*** Block opens ***

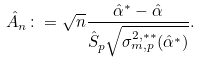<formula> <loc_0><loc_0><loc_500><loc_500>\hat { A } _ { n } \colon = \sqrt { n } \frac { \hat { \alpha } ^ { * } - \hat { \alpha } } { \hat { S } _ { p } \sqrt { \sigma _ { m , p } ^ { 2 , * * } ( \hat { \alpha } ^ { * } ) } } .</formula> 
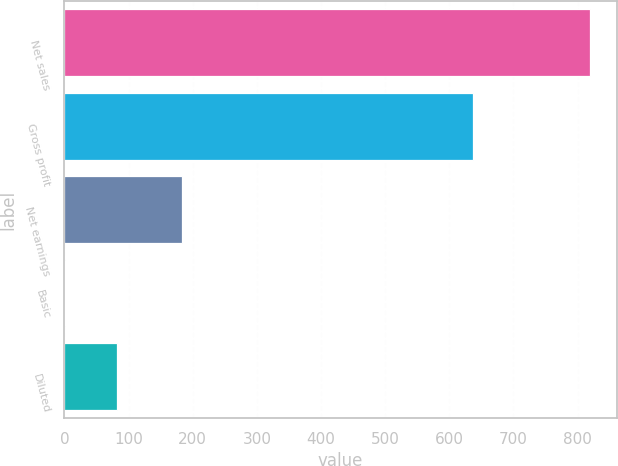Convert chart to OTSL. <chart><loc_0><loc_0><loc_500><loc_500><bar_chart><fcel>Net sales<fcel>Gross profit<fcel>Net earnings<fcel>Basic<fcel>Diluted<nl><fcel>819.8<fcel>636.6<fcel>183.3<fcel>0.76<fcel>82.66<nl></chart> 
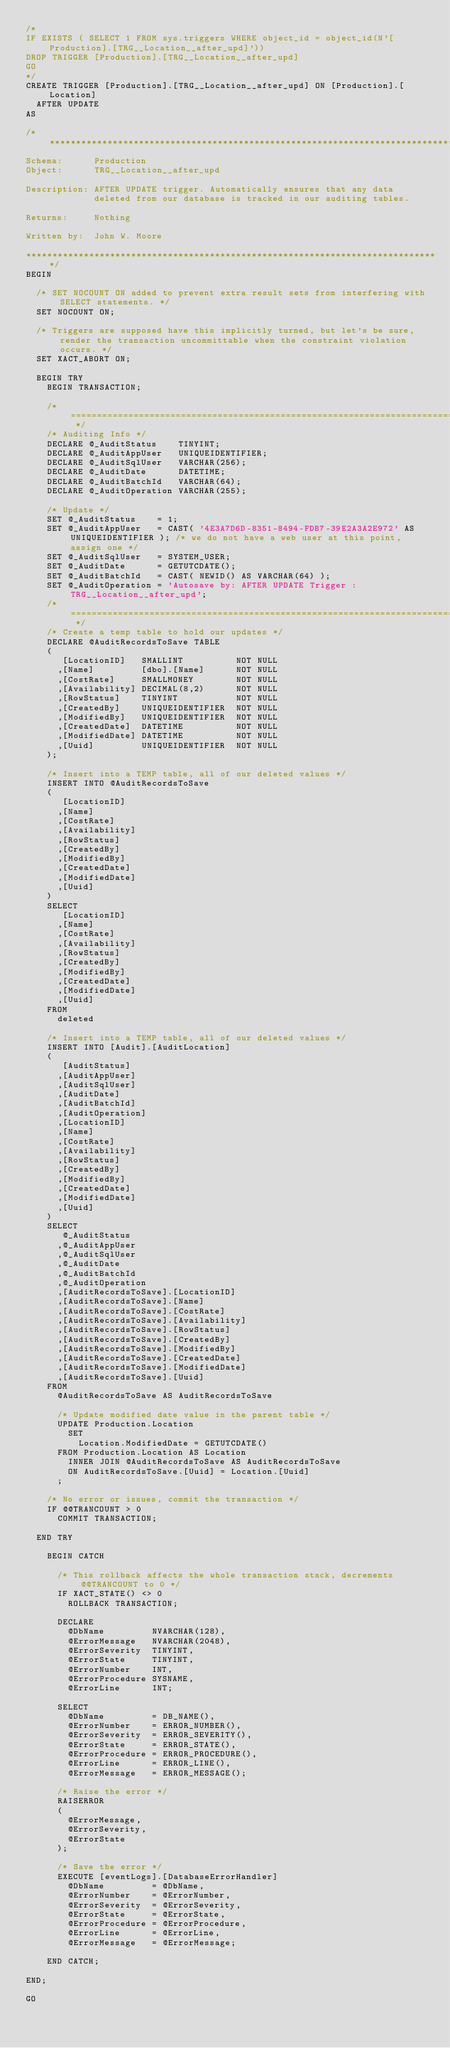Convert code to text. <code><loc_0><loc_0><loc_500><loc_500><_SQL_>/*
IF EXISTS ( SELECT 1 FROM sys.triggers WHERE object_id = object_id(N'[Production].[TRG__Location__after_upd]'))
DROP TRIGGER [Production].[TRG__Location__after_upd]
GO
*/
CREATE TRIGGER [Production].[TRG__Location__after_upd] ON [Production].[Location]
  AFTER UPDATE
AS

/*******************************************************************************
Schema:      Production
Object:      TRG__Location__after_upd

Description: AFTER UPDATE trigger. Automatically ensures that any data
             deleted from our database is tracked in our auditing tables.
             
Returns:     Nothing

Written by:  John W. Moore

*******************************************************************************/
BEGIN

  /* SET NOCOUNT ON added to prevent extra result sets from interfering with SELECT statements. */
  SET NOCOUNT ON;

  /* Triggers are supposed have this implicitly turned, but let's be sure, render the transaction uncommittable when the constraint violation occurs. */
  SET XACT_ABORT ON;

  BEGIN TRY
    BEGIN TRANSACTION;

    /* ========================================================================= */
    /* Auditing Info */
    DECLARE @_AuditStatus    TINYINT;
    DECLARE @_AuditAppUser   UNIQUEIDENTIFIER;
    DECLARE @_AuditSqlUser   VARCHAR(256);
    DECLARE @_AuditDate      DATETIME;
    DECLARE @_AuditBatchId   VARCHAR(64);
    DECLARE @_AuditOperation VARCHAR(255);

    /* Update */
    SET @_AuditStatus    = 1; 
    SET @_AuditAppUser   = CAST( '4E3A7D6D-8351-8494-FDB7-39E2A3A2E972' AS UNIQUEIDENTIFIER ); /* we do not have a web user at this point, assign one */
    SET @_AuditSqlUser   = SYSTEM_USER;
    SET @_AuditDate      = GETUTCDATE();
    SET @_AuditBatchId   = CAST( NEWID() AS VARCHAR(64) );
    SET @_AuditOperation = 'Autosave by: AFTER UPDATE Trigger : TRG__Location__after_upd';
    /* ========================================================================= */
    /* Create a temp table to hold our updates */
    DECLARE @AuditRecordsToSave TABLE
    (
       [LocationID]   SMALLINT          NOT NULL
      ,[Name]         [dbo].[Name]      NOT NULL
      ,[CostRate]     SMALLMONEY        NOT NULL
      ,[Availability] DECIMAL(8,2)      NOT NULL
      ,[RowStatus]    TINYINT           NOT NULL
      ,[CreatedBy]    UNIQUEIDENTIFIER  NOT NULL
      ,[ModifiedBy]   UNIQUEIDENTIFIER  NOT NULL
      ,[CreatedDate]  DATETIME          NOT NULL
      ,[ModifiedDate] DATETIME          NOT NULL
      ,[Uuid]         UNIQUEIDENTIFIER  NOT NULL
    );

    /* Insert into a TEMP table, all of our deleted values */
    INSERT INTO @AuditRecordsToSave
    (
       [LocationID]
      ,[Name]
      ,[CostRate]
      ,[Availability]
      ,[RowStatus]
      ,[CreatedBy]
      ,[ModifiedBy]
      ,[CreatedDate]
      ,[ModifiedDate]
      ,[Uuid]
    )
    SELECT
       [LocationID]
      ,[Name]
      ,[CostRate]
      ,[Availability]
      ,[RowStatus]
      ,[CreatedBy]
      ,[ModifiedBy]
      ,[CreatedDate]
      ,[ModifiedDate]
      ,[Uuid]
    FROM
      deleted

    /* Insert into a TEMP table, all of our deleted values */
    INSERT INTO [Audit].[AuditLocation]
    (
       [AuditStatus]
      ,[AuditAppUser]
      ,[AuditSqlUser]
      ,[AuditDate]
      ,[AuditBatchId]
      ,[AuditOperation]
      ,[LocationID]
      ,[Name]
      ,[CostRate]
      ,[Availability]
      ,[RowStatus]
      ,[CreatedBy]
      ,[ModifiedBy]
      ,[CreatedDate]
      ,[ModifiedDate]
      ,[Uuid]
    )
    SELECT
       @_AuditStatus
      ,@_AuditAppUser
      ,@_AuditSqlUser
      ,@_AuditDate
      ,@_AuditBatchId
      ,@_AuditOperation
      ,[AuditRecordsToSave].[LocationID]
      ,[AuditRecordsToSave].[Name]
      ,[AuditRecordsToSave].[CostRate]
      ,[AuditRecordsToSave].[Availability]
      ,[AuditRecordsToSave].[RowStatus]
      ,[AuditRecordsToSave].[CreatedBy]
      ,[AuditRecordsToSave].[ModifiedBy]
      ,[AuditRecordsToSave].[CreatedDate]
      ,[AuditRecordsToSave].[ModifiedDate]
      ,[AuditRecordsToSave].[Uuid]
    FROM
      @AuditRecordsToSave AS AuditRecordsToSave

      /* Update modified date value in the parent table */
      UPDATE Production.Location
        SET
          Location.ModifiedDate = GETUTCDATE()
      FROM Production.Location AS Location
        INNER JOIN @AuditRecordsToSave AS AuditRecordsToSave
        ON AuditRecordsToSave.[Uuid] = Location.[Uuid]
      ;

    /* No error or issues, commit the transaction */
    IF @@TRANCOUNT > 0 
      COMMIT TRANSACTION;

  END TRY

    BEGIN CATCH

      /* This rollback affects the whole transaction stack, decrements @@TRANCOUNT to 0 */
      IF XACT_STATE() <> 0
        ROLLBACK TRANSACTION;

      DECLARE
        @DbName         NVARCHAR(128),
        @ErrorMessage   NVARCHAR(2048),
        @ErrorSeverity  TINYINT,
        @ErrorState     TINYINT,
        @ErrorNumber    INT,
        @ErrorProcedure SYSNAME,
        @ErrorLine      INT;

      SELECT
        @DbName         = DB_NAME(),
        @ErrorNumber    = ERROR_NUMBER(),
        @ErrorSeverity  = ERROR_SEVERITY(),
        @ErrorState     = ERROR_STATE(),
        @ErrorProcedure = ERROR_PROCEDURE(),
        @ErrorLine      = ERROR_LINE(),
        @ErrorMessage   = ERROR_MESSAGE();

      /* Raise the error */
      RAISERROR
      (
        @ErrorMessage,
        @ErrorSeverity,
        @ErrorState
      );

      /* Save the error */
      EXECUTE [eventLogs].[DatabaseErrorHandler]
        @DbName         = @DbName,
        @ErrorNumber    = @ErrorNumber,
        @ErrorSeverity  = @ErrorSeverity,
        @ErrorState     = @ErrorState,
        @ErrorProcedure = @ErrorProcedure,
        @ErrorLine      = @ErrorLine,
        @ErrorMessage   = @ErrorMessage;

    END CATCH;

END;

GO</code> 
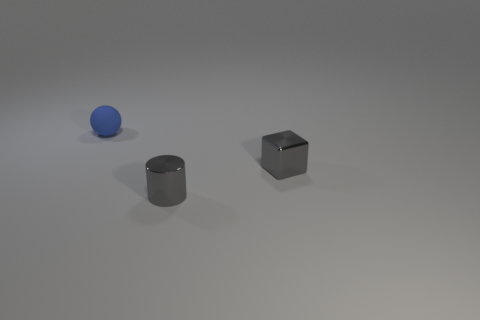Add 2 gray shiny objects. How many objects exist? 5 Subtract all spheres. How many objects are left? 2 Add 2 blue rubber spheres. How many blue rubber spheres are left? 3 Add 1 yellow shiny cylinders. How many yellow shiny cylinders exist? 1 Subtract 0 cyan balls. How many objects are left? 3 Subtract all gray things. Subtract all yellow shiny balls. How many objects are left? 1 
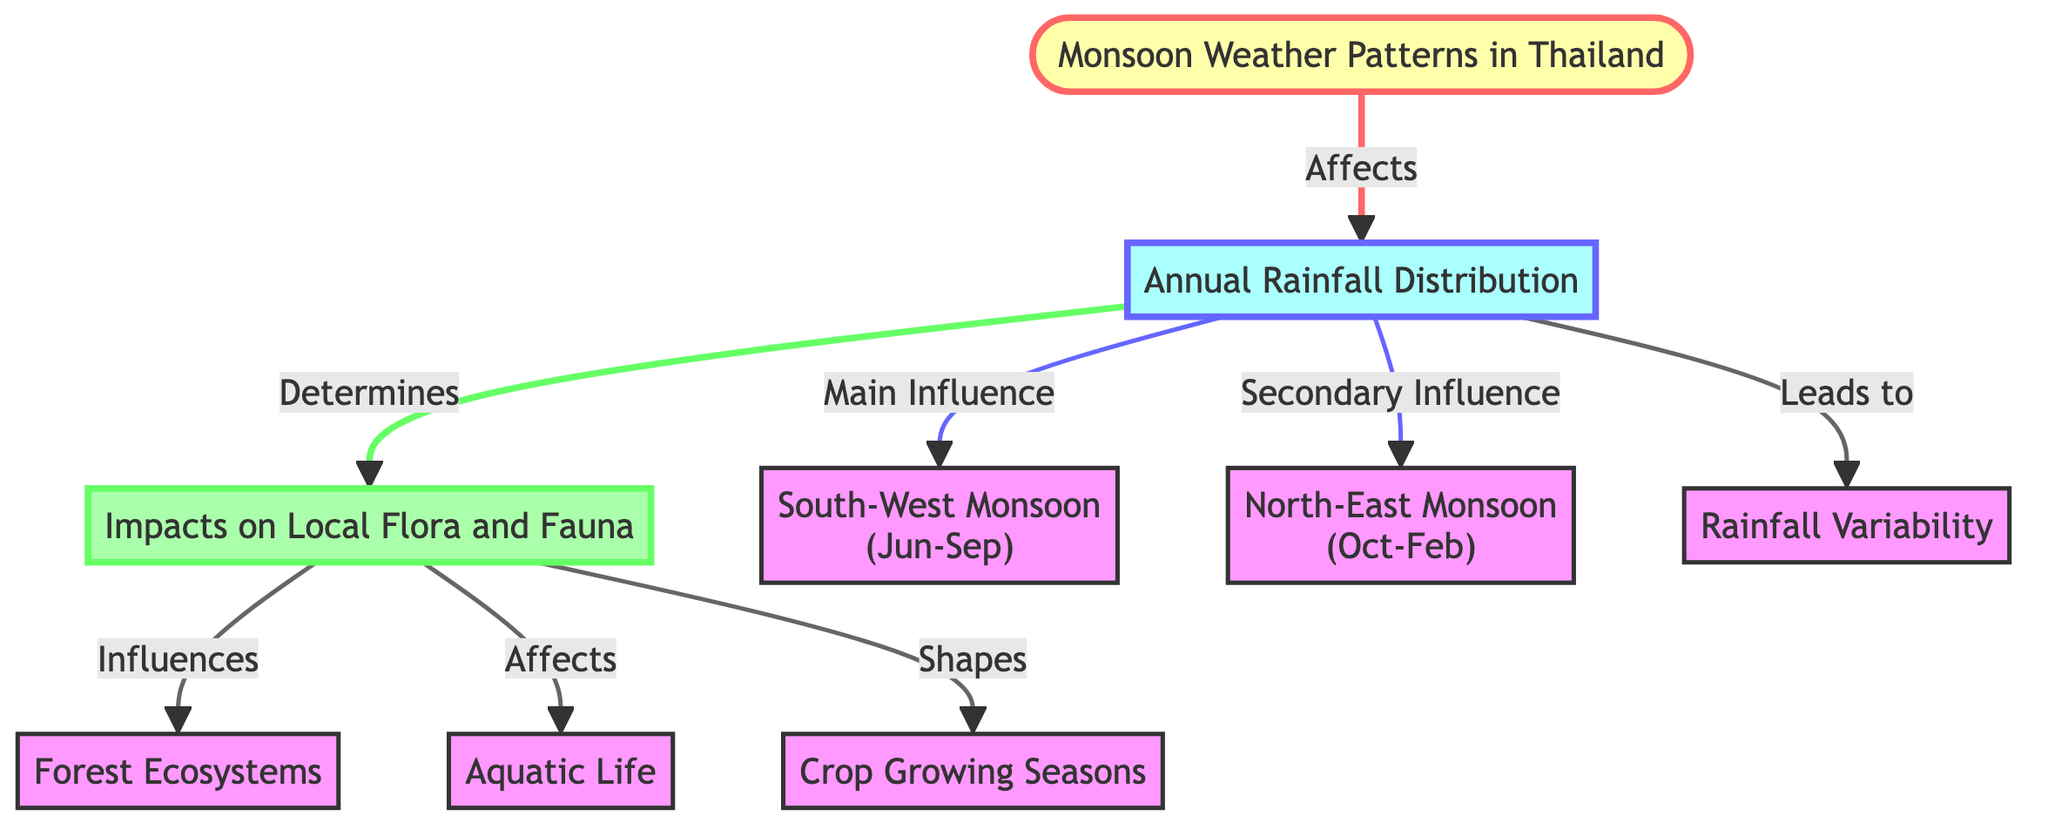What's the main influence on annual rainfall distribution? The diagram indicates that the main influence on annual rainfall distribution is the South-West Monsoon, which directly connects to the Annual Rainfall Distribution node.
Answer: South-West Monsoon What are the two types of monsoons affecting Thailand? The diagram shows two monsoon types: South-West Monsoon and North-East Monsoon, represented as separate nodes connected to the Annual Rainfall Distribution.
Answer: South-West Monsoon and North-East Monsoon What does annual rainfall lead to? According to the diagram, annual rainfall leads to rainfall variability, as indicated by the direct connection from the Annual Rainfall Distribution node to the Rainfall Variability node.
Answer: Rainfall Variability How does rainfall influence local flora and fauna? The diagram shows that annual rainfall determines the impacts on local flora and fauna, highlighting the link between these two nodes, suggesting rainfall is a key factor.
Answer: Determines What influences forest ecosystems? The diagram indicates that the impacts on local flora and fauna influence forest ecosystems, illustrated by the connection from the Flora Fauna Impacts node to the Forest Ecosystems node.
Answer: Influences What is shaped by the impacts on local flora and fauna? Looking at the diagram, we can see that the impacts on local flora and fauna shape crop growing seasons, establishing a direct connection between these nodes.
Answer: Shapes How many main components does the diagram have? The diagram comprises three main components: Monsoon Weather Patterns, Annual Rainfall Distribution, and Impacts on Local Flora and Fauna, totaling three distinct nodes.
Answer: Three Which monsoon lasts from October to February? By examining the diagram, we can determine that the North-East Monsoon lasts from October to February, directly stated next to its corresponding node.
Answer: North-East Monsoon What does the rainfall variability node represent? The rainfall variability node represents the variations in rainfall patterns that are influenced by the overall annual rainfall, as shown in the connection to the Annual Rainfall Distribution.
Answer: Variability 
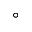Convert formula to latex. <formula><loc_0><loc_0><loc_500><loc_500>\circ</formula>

*** Block closes ***

> _THE PROBLEM_
Nothing but the lines holding the word "TRANCOUNT" should be returned from the listing above.

> _EXERCISE ANSWER_
    IF @@TRANCOUNT > 0 
      /* This rollback affects the whole transaction stack, decrements @@TRANCOUNT to 0 */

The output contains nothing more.